The main structural differences between denticles from body and from the nictitating membrane are the ridges that vary in shape, size and density. The ridges are closely related to hydrodynamic adaptations in some species (Marshall 2011), being proposed that the ornamentations are responsible for increase the resistance of the crown, resulting in weight reduction and better performance (Marshall 2011). Study performed with R. lalandii described the skin denticles as specialized/complex structures (three cusps, and well-defined crests and ridges) (Laranjeira et al. 2015), being different from the denticles in the membrane, which are less complex. The same pattern is observed in C. limbatus (Motta et al. 2012), S. lewini, S. zygaena (Mello et al. 2013) and G. cuvier (Dillon et al. 2017), where the complexity of denticles of the body is greater when compared to denticles in the membrane.

Changes in denticle complexity was reviewed by Raschi and Tabit (1992), bringing evidence that ecological aspects such as habits (e.g. benthic species vs. active species) mold the structure of the denticles. In fact, denticles can be separated according to their function (e.g. drag reduction; abrasion strength; defense), being scattered according to the region of the body compatible with its function (Dillon et al. 2017). By comparing our findings with the structures molded for protection against abrasion, it is possible to confirm that in fact the less complex morphology is compatible to a protective function (Dillon et al. 2017).

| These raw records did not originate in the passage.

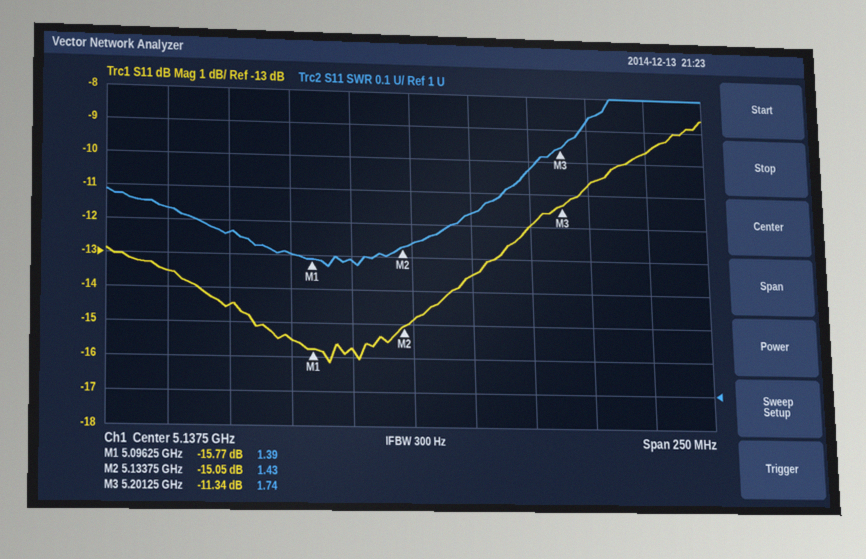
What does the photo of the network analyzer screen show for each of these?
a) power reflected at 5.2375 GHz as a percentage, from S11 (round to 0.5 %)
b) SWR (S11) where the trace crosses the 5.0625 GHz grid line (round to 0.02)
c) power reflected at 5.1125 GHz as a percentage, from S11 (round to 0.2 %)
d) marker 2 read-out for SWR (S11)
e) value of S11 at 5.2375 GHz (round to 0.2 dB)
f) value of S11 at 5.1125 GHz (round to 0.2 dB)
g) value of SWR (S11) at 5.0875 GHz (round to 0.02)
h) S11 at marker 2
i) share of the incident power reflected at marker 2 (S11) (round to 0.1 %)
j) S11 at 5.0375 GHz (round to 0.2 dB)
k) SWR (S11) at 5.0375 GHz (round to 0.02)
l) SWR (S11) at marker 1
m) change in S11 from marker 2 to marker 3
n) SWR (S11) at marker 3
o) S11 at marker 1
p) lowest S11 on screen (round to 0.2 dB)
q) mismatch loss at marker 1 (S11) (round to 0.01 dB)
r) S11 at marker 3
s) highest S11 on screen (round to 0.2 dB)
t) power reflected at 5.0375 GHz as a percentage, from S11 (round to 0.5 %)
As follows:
11.0 %
1.46
2.6 %
1.43
-9.6 dB
-15.8 dB
1.40
-15.05 dB
3.1 %
-13.6 dB
1.54
1.39
3.71 dB
1.74
-15.77 dB
-16.2 dB
0.12 dB
-11.34 dB
-8.6 dB
4.5 %
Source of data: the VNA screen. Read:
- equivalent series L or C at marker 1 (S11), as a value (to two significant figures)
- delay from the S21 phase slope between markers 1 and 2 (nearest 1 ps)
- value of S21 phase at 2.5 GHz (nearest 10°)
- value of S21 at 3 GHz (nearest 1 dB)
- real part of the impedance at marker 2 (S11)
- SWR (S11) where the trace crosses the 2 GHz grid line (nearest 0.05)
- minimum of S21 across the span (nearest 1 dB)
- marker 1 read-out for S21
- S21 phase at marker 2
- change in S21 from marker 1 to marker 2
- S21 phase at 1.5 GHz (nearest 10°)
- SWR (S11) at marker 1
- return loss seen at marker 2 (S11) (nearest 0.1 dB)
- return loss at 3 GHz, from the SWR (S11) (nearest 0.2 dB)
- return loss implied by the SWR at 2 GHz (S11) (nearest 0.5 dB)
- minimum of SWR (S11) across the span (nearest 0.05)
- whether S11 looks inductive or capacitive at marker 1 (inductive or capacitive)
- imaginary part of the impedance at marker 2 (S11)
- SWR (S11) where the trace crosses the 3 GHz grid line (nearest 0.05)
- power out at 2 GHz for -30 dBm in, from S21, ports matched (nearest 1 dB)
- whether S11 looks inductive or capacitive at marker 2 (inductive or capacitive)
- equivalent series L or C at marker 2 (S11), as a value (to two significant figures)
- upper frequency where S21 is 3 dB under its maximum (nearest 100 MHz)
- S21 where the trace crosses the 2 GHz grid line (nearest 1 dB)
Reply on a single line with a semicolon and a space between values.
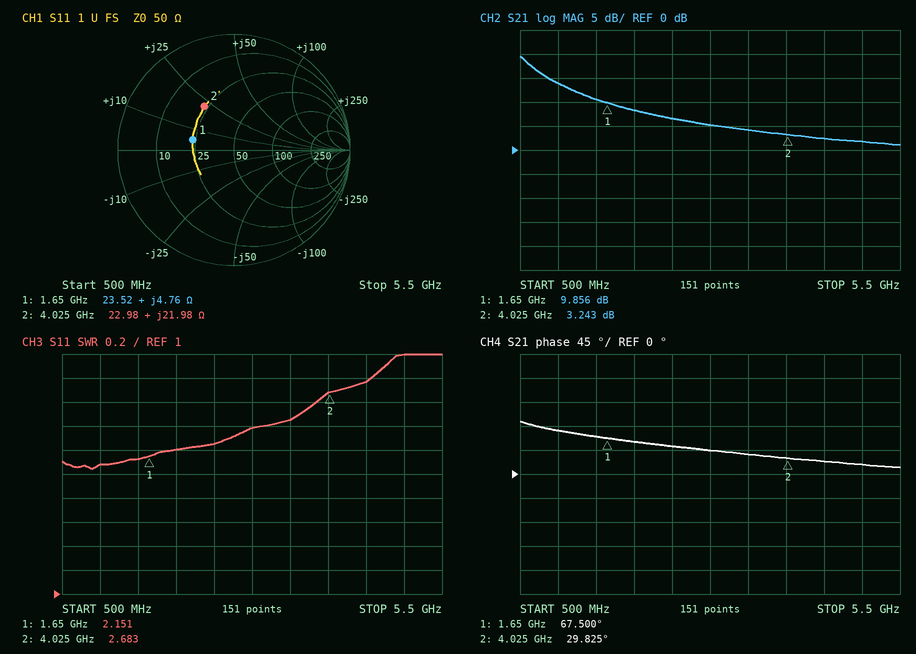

The sharks analyzed in the present study share an active hunting behavior, which could explain by the highly-preserved morphology shaped over millions of years of selective pressures. However, differences among life habits and environment occupation could explain the specializations observed. We conclude that in terms of function, the dermal denticles in the nictitating membrane are not only related to protection during hunting, but also responsible to facilitate water flow during swimming, as a possible way to reduce the drag in an evolutionary attempt to reduce energy cost by modifying morphological features. Also, the lower complexity when compared to the denticles of the body, may be related to the greater need of mobility of the structure, thus improving the biomechanical versatility of the membrane. Lastly, since the structure seems to vary in details among species, a deeper analysis relating membrane features, head shape and eye angle could elucidate points raised in the present study such as the use of this new characters complex to understanding the evolution of the eye protection during the feeding and predation events in the Carcharhiniformes.